Roughly, we don't break it down specifically, but generally speaking, it's been about 20% variable on other operating and about 33% variable on the personal line item that would generally be about the same.
Nikolai Fisken – Stephens, Inc.
And this is where most of the additional land cost sales are going to come out?
Anthony J. Park
They come out of both areas, I mean we're certainly getting -- a big part of the cost saves have come and are coming out of the personal line item. I think of the total $231 million, I want to say over a $150 million came from personal savings and maybe there, yeah, about the rest 80 million or so came from the other operating.
William P. Foley, II
The one thing we do want to make a point on or make clear on the synergies of $231 million, those are synergies that have been achieved, those are not projected synergies beyond March 31. So, those are in hand and in terms of some corporate synergies, there is a bit more to come in April and May as we really move away from the LandAmerica Richmond office and fully integrate our operations down here in Jacksonville.
And we are running a few duplicate expenses as we bring people, get people trained and get them hired down in Jacksonville versus Richmond.
Nikolai Fisken – Stephens, Inc.
I forgot one other thing -- on the write-downs, on the equity portfolio, anything else you guys foresee?
William P. Foley, II
If we haven't got it by now, I don't, our total equity portfolio at this point is about $19 million, but I mean, and every time we get there kind of little bit of profit we sell an issue. So, out of our $4.6 billion, we have $19 million now in equities.
So, I think we have got that I guess it could be 19, I don't know, it's low, I mean we have pretty good stocks but…
Nikolai Fisken – Stephens, Inc.
Well, for all our sakes. I hope you guys don't have anymore.
Thanks so much.
Operator
Thank you. (Operator Instructions).
Our next question will come from the line of Nat Otis with KBW. Please go ahead.
Nathaniel Otis – Keefe, Bruyette & Woods, Inc.
Good morning, gentlemen.
William P. Foley, II
Good morning.
Nathaniel Otis – Keefe, Bruyette & Woods, Inc.
Just quickly back on the losses, you were talking about the, you went from 8.5 down to 7.5 and you're kind of going to assess things on a quarterly basis from here. Does that kind of mean that we should be looking at things in the 7.5 range right now just to gauge how things progress or should we be more cautious in that just getting an idea, how we can read it if you're actually reading it just kind of on a quarterly basis as well?
William P. Foley, II
Well you can be comfortable with the 7.5 and if we can do better than that, we are certainly going to, we are having very, very strong claims experience at this time, but of course our actuarial loss reserve analysis relates back to previous policy years and not the current policy years. So, we are being successful with our claims management processes and procedures, but 7.5 is where we settled out in the first quarter and you should not look for an increase in the loss reserve I can assure you that.

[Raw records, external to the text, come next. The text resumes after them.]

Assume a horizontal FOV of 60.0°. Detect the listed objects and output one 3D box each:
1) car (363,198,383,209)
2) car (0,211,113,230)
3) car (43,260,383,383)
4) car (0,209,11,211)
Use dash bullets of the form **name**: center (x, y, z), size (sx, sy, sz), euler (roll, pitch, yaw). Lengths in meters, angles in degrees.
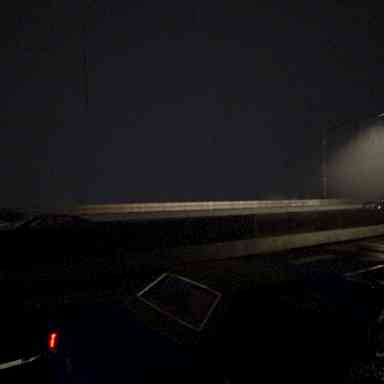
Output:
- **car**: center (23.193, 1.476, 41.314), size (5.008, 1.535, 1.882), euler (0, 0, -34)
- **car**: center (-5.613, 1.541, 12.877), size (5.357, 1.411, 2.033), euler (0, 0, -35)
- **car**: center (0.789, 1.595, 4.295), size (4.718, 1.301, 1.895), euler (0, 0, -35)
- **car**: center (-8.718, 1.596, 14.961), size (4.718, 1.301, 1.895), euler (0, 0, -35)
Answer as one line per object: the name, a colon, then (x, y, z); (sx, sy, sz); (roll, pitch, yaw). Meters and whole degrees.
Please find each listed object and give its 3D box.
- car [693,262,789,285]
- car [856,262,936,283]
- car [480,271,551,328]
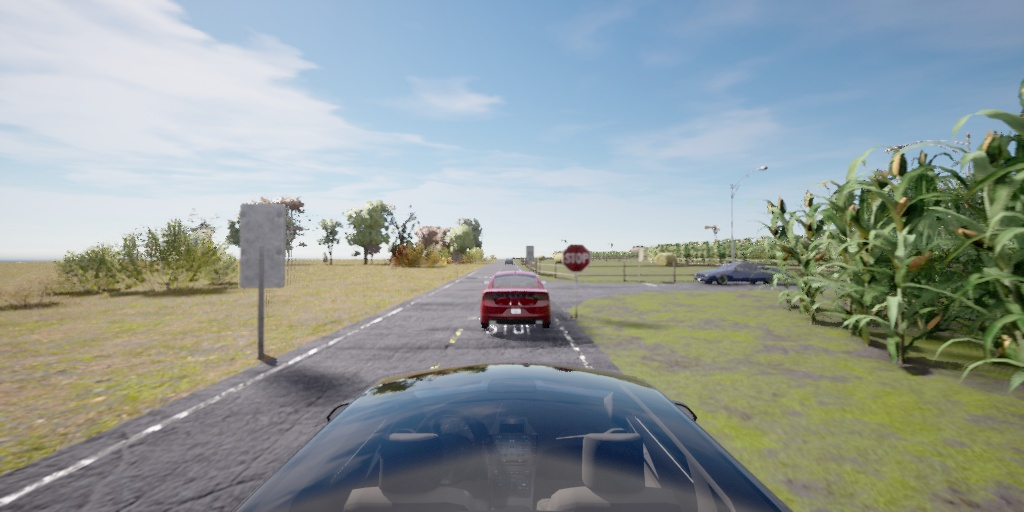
car: (14.713, 1.112, 23.136); (5.357, 1.411, 2.033); (-1, -1, -1)
car: (24.847, 0.818, 23.297); (4.553, 1.767, 2.097); (-1, -1, -1)
car: (0.096, 1.203, 11.303); (1.882, 1.535, 5.008); (0, 0, 0)
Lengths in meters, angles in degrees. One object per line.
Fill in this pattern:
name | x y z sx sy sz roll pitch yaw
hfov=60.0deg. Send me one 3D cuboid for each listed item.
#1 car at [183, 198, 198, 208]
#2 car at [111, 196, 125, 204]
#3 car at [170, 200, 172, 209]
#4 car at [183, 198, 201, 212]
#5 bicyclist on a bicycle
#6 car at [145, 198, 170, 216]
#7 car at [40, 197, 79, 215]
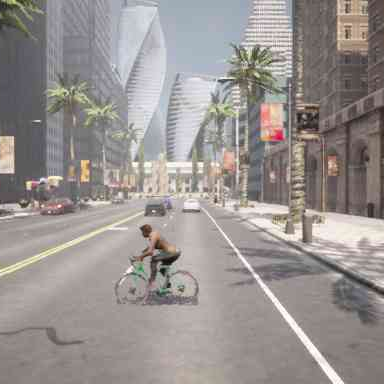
car | -0.211 1.564 47.996 1.994 1.385 4.181 0 0 -1
car | -14.103 1.481 63.534 2.231 1.521 4.892 0 0 -1
car | -3.667 1.526 44.874 1.812 1.442 4.674 0 0 -1
car | -0.083 1.526 38.148 1.812 1.442 4.674 0 0 0
bicyclist on a bicycle | -0.713 1.454 6.566 1.656 1.620 0.582 -2 0 0
car | -3.523 1.506 32.958 1.837 1.490 4.892 0 0 -1
car | -13.723 1.354 34.162 2.185 1.767 4.553 0 0 -1
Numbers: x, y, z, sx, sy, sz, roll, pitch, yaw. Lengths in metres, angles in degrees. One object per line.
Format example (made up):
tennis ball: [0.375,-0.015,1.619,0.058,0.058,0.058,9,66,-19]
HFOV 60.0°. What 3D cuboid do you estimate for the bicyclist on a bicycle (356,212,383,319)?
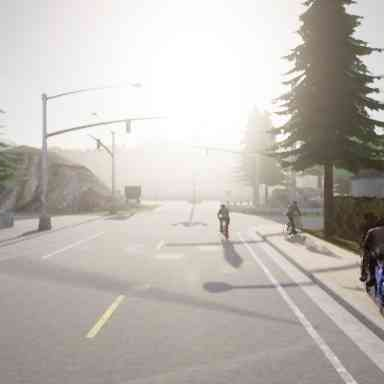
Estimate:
bicyclist on a bicycle: [3.322,1.287,5.869,0.582,1.620,1.656,4,2,18]

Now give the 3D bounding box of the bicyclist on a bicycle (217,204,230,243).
bicyclist on a bicycle: [1.384,1.345,14.406,0.582,1.620,1.656,0,0,-7]

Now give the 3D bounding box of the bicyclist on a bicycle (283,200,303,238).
bicyclist on a bicycle: [4.509,1.200,14.837,1.656,1.620,0.582,0,0,-42]
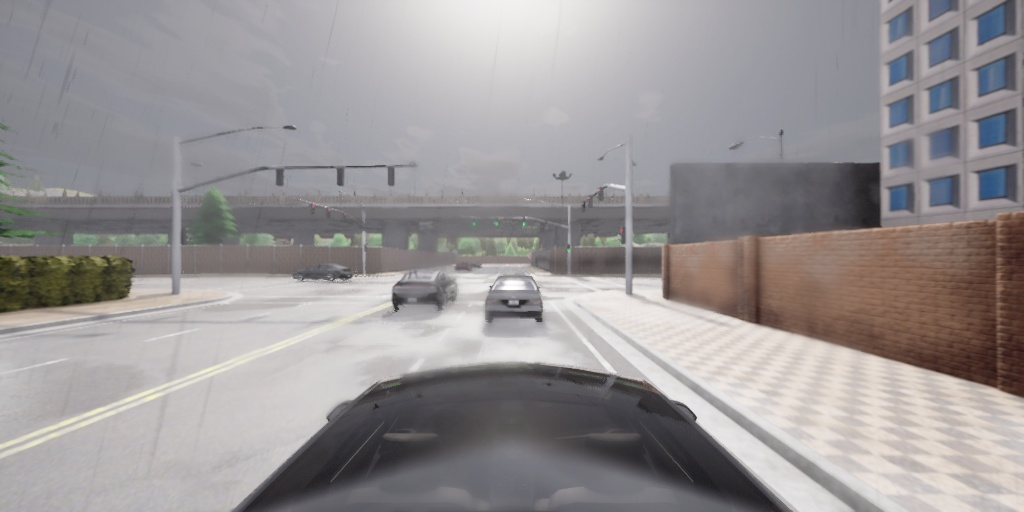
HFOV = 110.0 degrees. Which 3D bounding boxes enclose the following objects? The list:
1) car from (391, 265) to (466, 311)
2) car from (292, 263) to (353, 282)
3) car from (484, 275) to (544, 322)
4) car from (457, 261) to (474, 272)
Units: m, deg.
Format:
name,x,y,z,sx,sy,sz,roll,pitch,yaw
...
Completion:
name,x,y,z,sx,sy,sz,roll,pitch,yaw
car,-3.411,1.307,14.709,2.128,1.511,4.902,0,0,0
car,-15.616,1.360,29.593,4.892,1.490,1.837,0,-2,12
car,0.130,1.352,12.473,2.033,1.411,5.357,0,0,2
car,-7.080,1.482,52.339,1.882,1.535,5.008,0,0,0
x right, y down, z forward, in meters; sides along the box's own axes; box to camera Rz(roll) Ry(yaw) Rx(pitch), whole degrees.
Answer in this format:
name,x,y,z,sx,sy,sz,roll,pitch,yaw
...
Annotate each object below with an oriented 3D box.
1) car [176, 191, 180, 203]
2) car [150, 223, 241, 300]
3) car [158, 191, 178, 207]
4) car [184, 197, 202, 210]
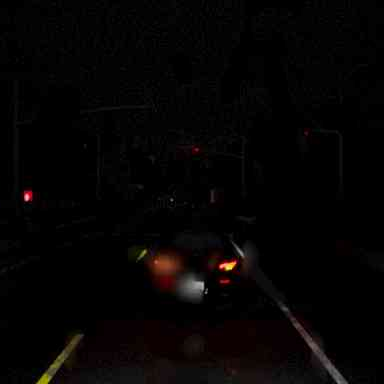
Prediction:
name,x,y,z,sx,sy,sz,roll,pitch,yaw
car,-3.469,0.919,63.275,2.150,2.045,5.566,0,1,1
car,0.082,1.486,8.181,1.812,1.442,4.674,0,0,0
car,-3.533,1.128,47.211,2.097,1.767,4.553,0,0,0
car,0.144,1.307,38.783,2.128,1.511,4.902,0,0,0
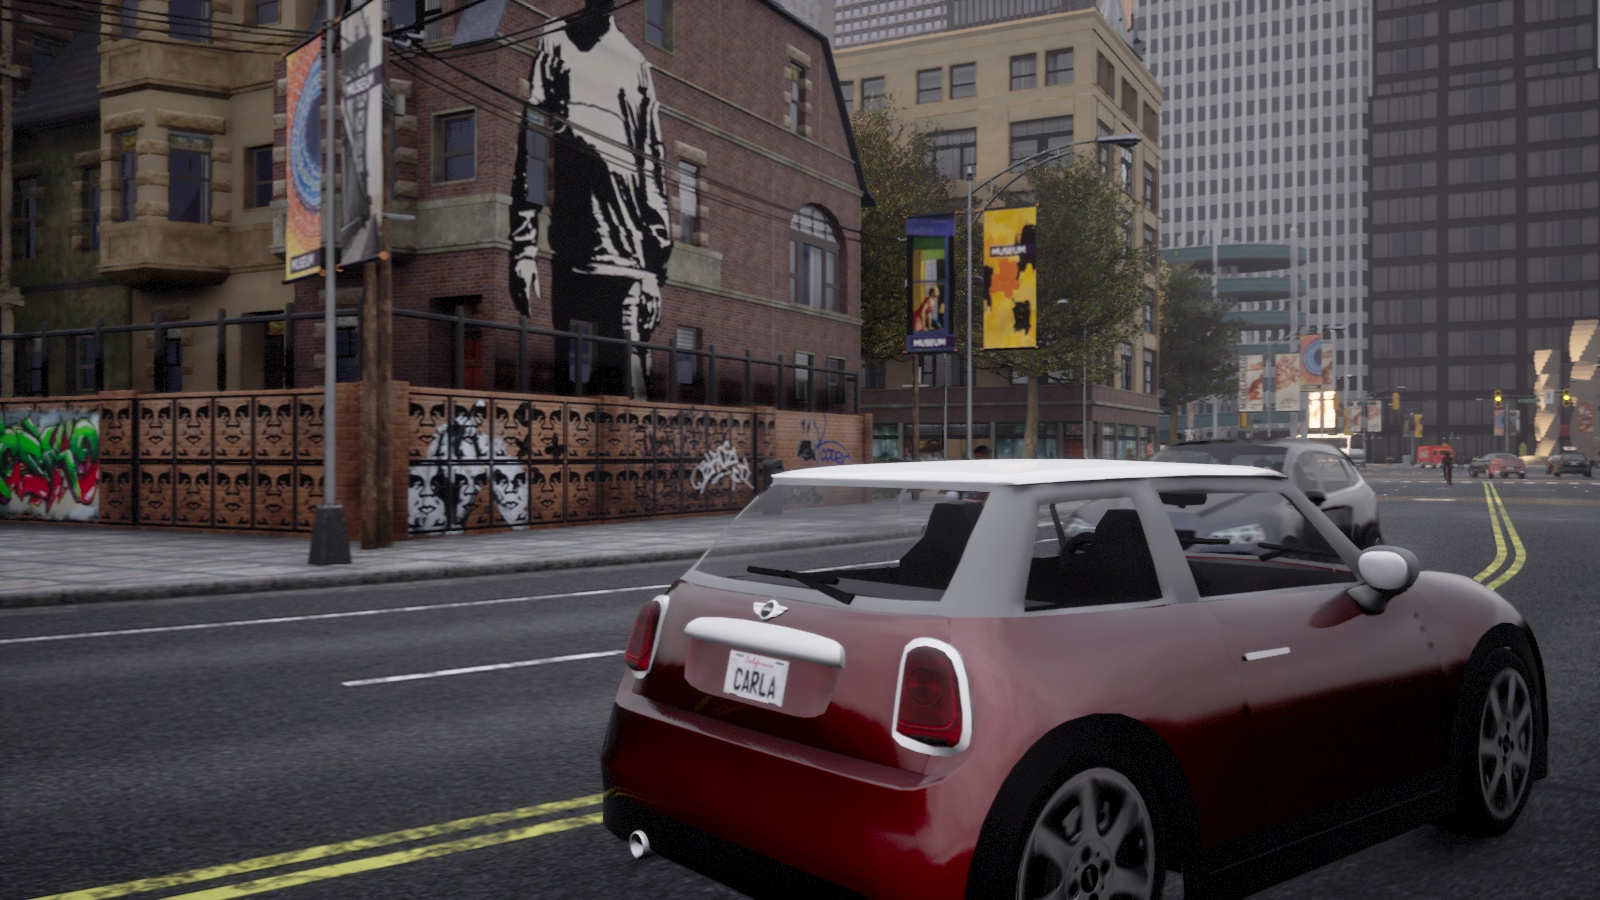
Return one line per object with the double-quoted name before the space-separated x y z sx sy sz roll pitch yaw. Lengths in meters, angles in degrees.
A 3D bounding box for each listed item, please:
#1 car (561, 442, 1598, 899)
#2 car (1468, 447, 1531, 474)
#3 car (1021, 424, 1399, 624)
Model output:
"car" 1.259 0.723 4.849 3.806 1.475 1.970 0 0 -39
"car" 44.408 0.659 79.845 2.152 1.651 5.027 0 0 12
"car" 4.402 0.619 12.970 2.242 1.667 4.611 0 0 38
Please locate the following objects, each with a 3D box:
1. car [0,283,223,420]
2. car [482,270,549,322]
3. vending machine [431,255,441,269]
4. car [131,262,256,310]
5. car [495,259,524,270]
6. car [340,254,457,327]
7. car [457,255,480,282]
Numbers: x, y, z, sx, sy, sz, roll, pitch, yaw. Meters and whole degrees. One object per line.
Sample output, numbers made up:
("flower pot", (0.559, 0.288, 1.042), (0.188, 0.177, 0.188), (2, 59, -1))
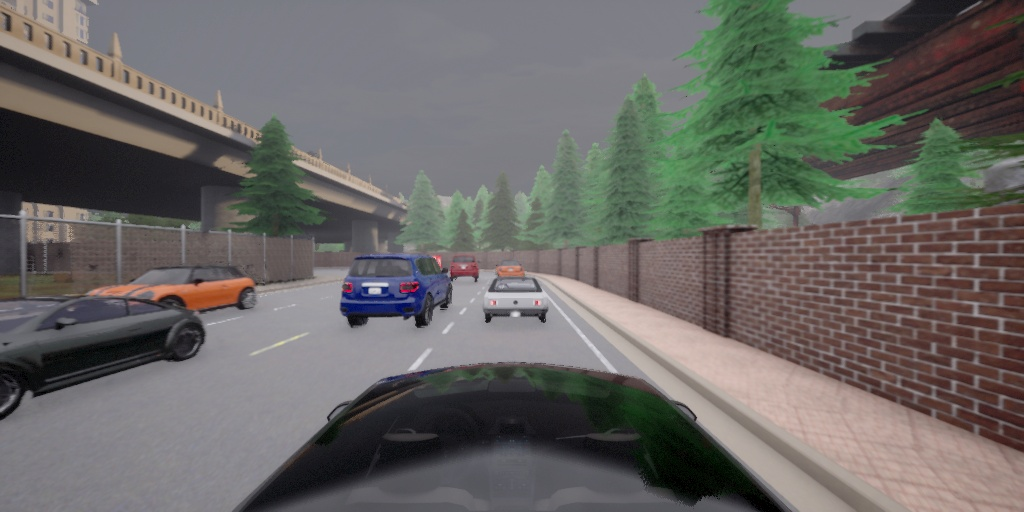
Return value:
("car", (-7.103, 1.306, 5.424), (1.994, 1.385, 4.181), (0, 0, 0))
("car", (0.101, 1.329, 12.207), (1.895, 1.301, 4.718), (0, 0, 0))
("vending machine", (-10.660, 0.845, 50.203), (0.880, 2.100, 1.100), (0, 0, 26))
("car", (-10.605, 1.082, 11.458), (2.097, 1.767, 4.553), (0, 0, 0))
("car", (-0.255, 1.045, 29.112), (2.097, 1.767, 4.553), (0, 0, -4))
("car", (-3.399, 0.951, 11.582), (2.150, 2.045, 5.566), (0, 0, 0))
("car", (-3.771, 0.916, 28.563), (2.150, 2.045, 5.566), (0, 0, -6))
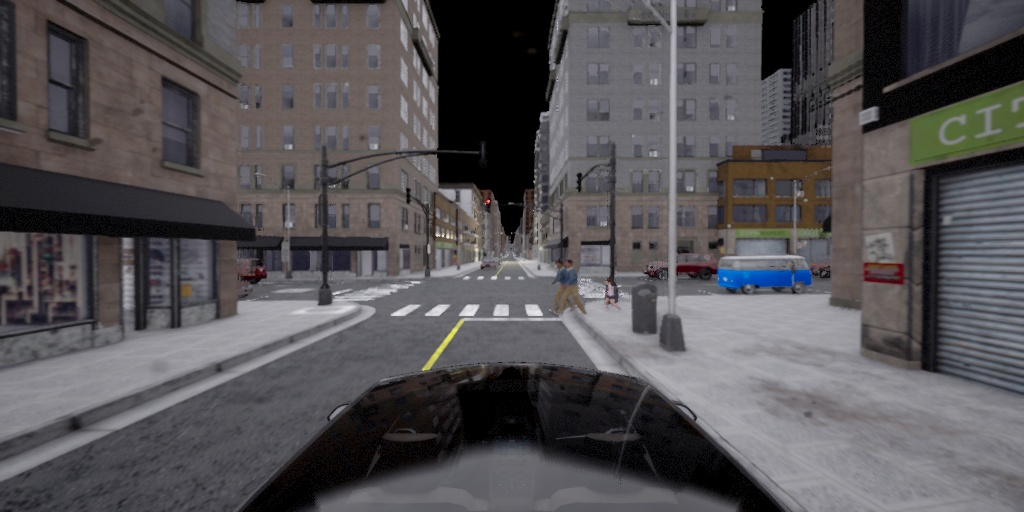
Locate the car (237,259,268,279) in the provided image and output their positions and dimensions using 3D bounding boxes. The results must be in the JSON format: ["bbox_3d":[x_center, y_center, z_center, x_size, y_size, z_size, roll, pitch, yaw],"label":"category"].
[{"bbox_3d":[-20.346,1.143,25.722,5.009,1.841,2.192,0,0,0],"label":"car"}]

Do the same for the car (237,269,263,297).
[{"bbox_3d":[-14.819,1.446,17.211,4.207,1.307,1.802,0,0,0],"label":"car"}]

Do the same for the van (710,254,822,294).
[{"bbox_3d":[12.118,0.873,17.277,3.998,1.789,1.690,0,0,0],"label":"van"}]

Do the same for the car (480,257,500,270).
[{"bbox_3d":[-3.072,1.084,47.246,1.994,1.385,4.181,0,0,0],"label":"car"}]

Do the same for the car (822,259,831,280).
[{"bbox_3d":[22.145,0.900,23.154,4.181,1.385,1.994,-1,1,0],"label":"car"}]

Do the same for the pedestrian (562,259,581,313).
[{"bbox_3d":[1.809,0.958,10.945,0.375,1.860,0.375,0,1,0],"label":"pedestrian"}]

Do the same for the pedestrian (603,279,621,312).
[{"bbox_3d":[3.197,1.218,11.547,0.500,1.100,0.500,0,1,0],"label":"pedestrian"}]

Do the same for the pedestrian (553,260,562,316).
[{"bbox_3d":[1.675,0.987,12.144,0.375,1.860,0.375,0,1,0],"label":"pedestrian"}]

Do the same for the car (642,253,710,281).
[{"bbox_3d":[12.095,0.742,25.802,5.009,1.841,2.192,0,0,0],"label":"car"}]
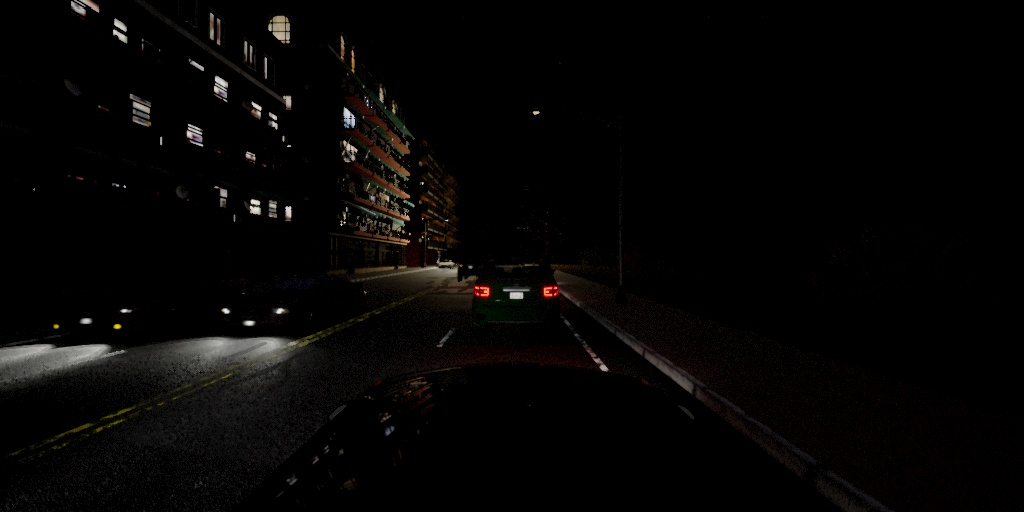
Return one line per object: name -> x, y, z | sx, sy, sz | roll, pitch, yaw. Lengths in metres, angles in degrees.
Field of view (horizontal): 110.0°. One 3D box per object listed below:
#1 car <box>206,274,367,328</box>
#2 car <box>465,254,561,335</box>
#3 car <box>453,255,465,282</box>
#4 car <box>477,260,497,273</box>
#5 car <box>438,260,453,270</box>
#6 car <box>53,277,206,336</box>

Nathaniel Otis – Keefe, Bruyette & Woods, Inc.
Okay, great. And then for Ceridian you talked about the foreign currency negative mark in the quarter, my guess would be, we should expect that for at least the next several quarters as well?
William P. Foley, II
Well the negative mark really came from U.K. and Canadian.
Anthony J. Park
So, it should be there for at least through Q3 of this year I would imagine.
William P. Foley, II
Well I mean I think we sort of hit it, I don't know if the dollar is weakening…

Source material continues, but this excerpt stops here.